What to do:
The reply is to contain the full listing, repeated exactly, with pictures left out.

Raw data:

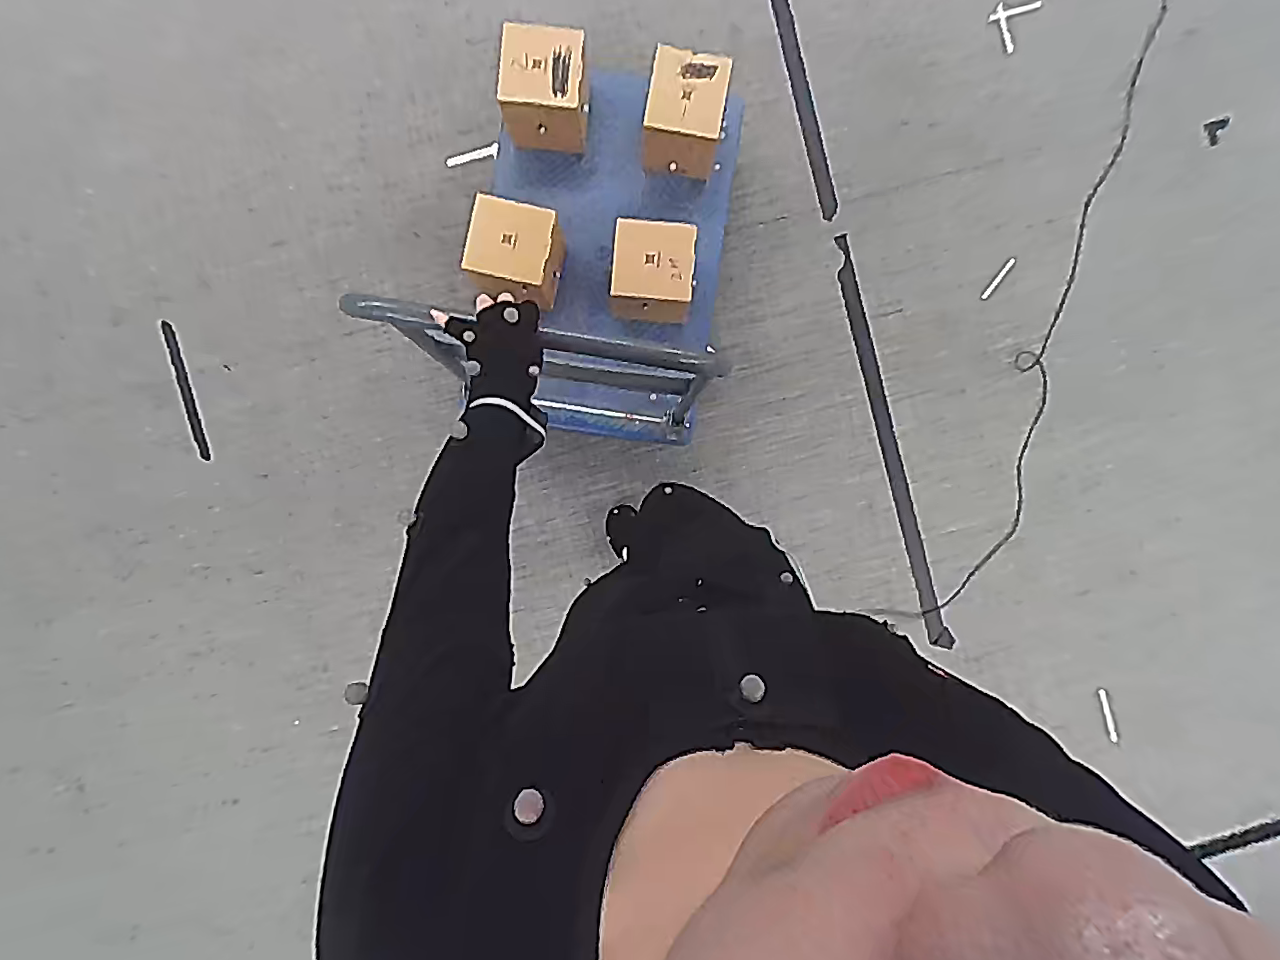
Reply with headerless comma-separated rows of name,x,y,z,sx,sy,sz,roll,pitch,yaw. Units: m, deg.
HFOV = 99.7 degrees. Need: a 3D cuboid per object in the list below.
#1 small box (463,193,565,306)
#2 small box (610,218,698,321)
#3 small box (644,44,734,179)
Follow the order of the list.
small box,-0.277,-0.511,1.224,0.179,0.176,0.168,12,90,-3
small box,0.029,-0.469,1.228,0.179,0.176,0.168,5,90,-1
small box,0.103,-0.827,1.227,0.168,0.176,0.179,10,91,-1
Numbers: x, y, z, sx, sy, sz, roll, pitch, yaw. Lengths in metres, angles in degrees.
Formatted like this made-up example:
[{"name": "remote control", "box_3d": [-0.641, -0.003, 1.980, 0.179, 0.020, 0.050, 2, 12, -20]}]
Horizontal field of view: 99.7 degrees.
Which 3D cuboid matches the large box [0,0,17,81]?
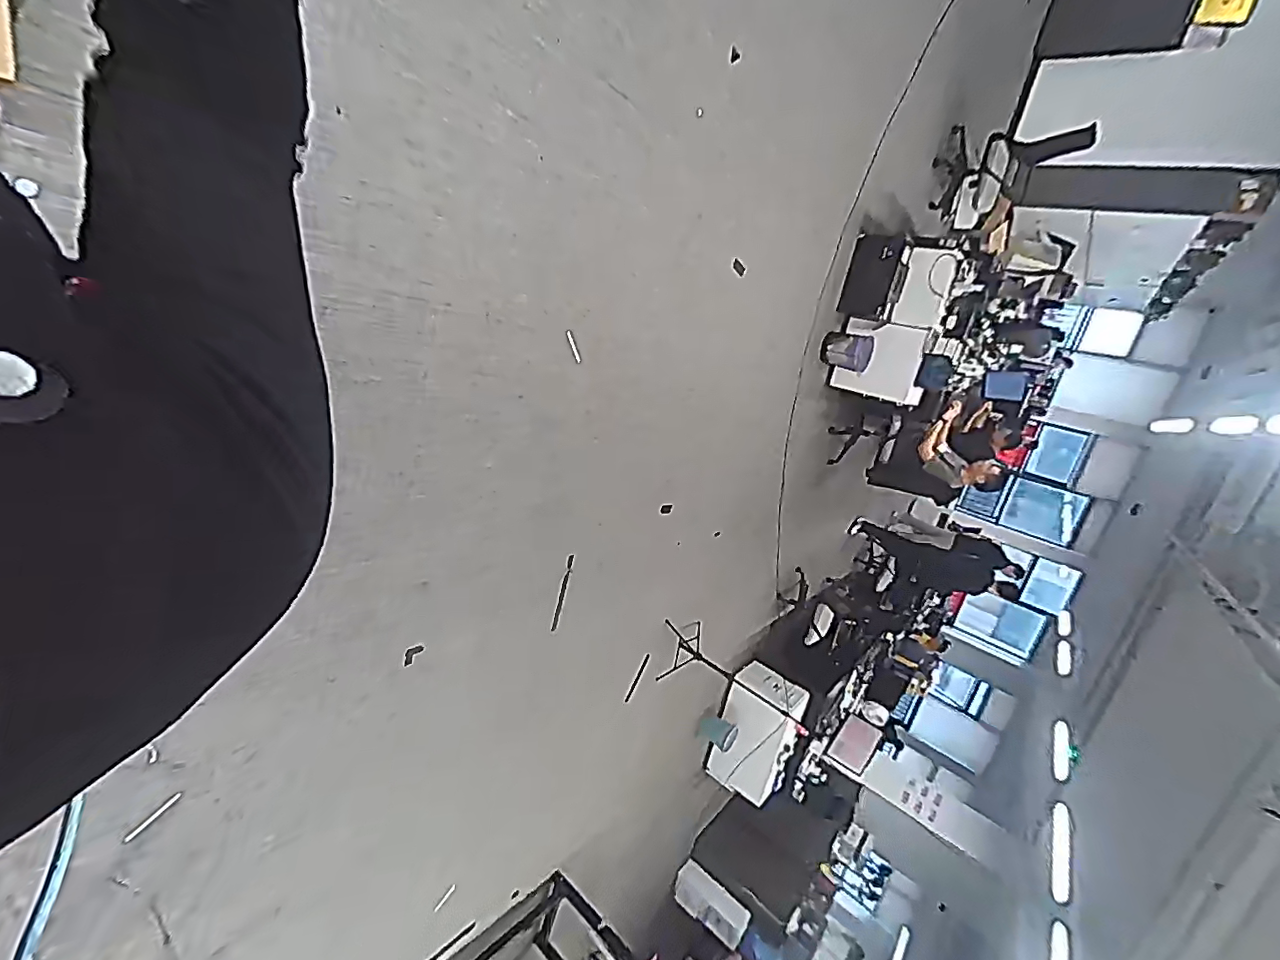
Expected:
[{"name": "large box", "box_3d": [-1.038, -0.708, 0.604, 0.408, 0.320, 0.320, -10, 118, -52]}]
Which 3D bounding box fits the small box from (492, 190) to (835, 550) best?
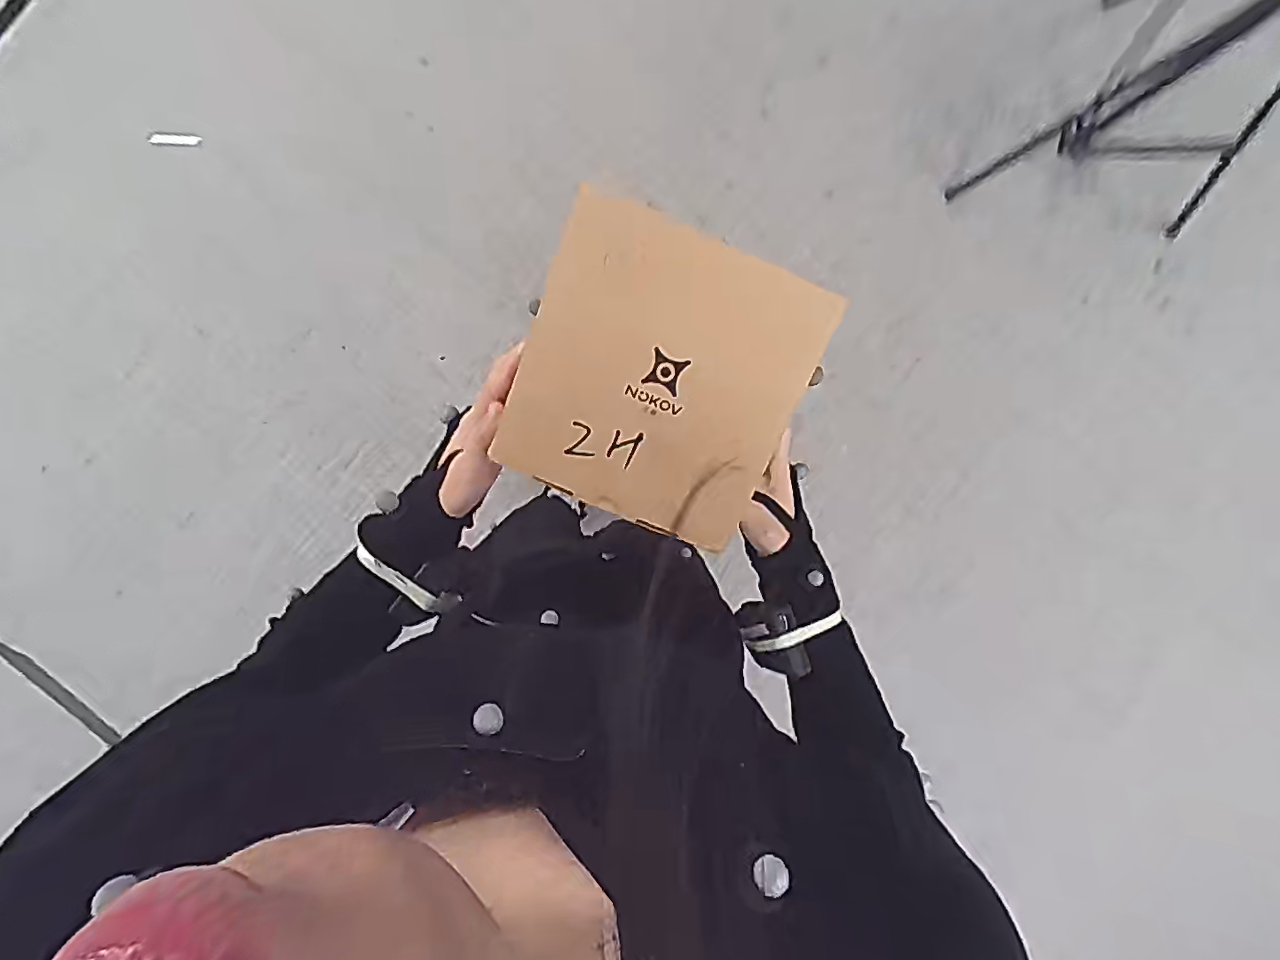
[{"bbox_3d":[0.012,-0.079,0.411,0.168,0.176,0.179,22,104,-3],"label":"small box"}]
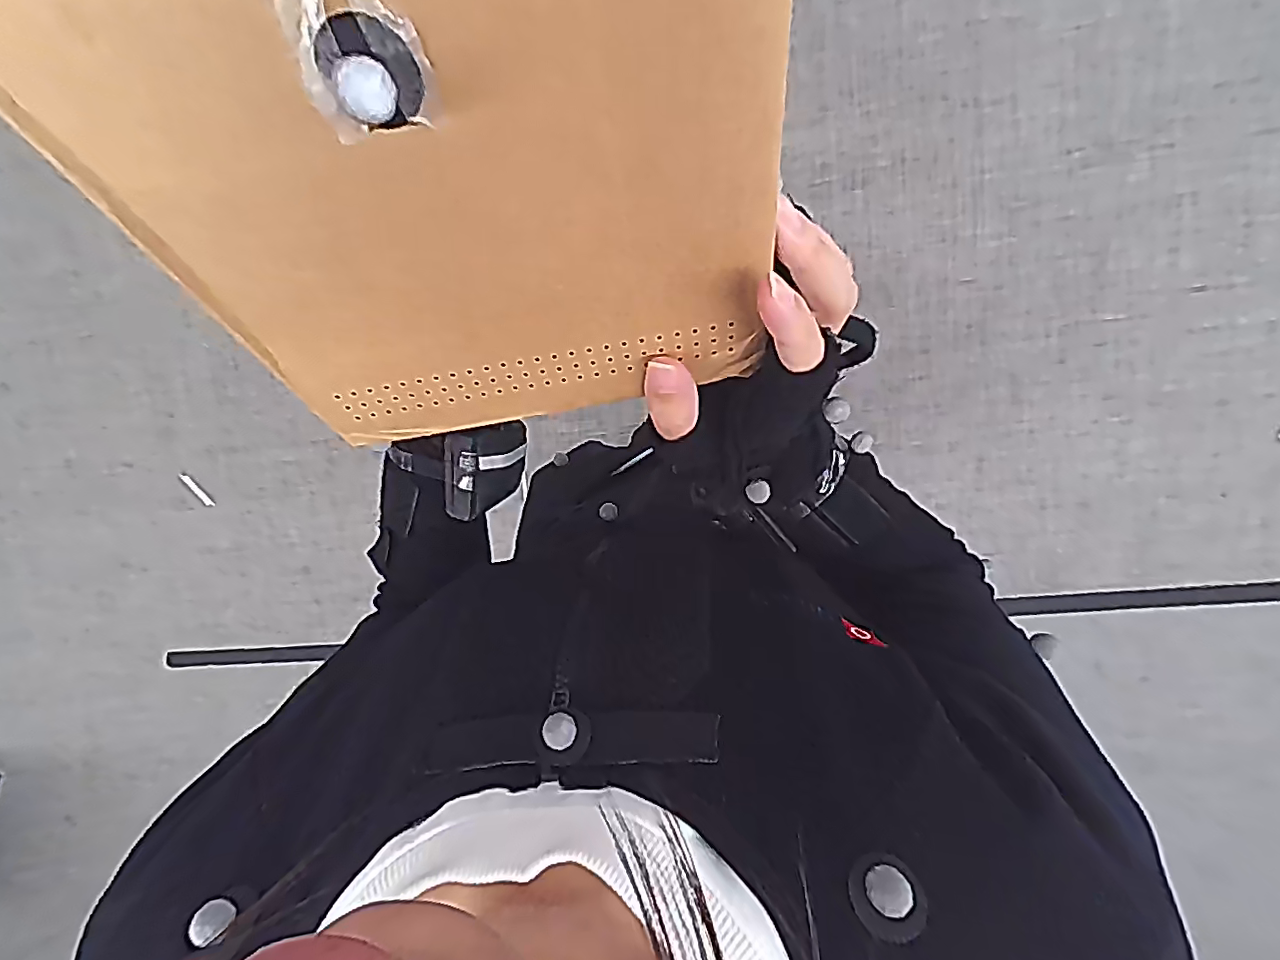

Solution below:
Reply with headerless comma-separated rows of name,x,y,z,sx,sy,sz,roll,pitch,yaw. Units: m, deg.
HFOV = 99.7 degrees. Need: a 3D cuboid per object in the list below.
#1 small box (463,193,565,306)
#2 small box (610,218,698,321)
#3 small box (644,44,734,179)
Follow the order of the list.
small box,-0.277,-0.511,1.224,0.179,0.176,0.168,12,90,-3
small box,0.029,-0.469,1.228,0.179,0.176,0.168,5,90,-1
small box,0.103,-0.827,1.227,0.168,0.176,0.179,10,91,-1
Numbers: x, y, z, sx, sy, sz, roll, pitch, yaw. Lengths in metres, angles in degrees.
Formatted like this made-up example:
[{"name": "remote control", "box_3d": [-0.641, -0.003, 1.980, 0.179, 0.020, 0.050, 2, 12, -20]}]
Horizontal field of view: 99.7 degrees.
Which 3D cuboid matches the large box [0,0,17,81]?
Expected:
[{"name": "large box", "box_3d": [-1.038, -0.708, 0.604, 0.408, 0.320, 0.320, -10, 118, -52]}]
Which 3D bounding box fits the small box from (492, 190) to (835, 550) best?
[{"bbox_3d":[0.012,-0.079,0.411,0.168,0.176,0.179,22,104,-3],"label":"small box"}]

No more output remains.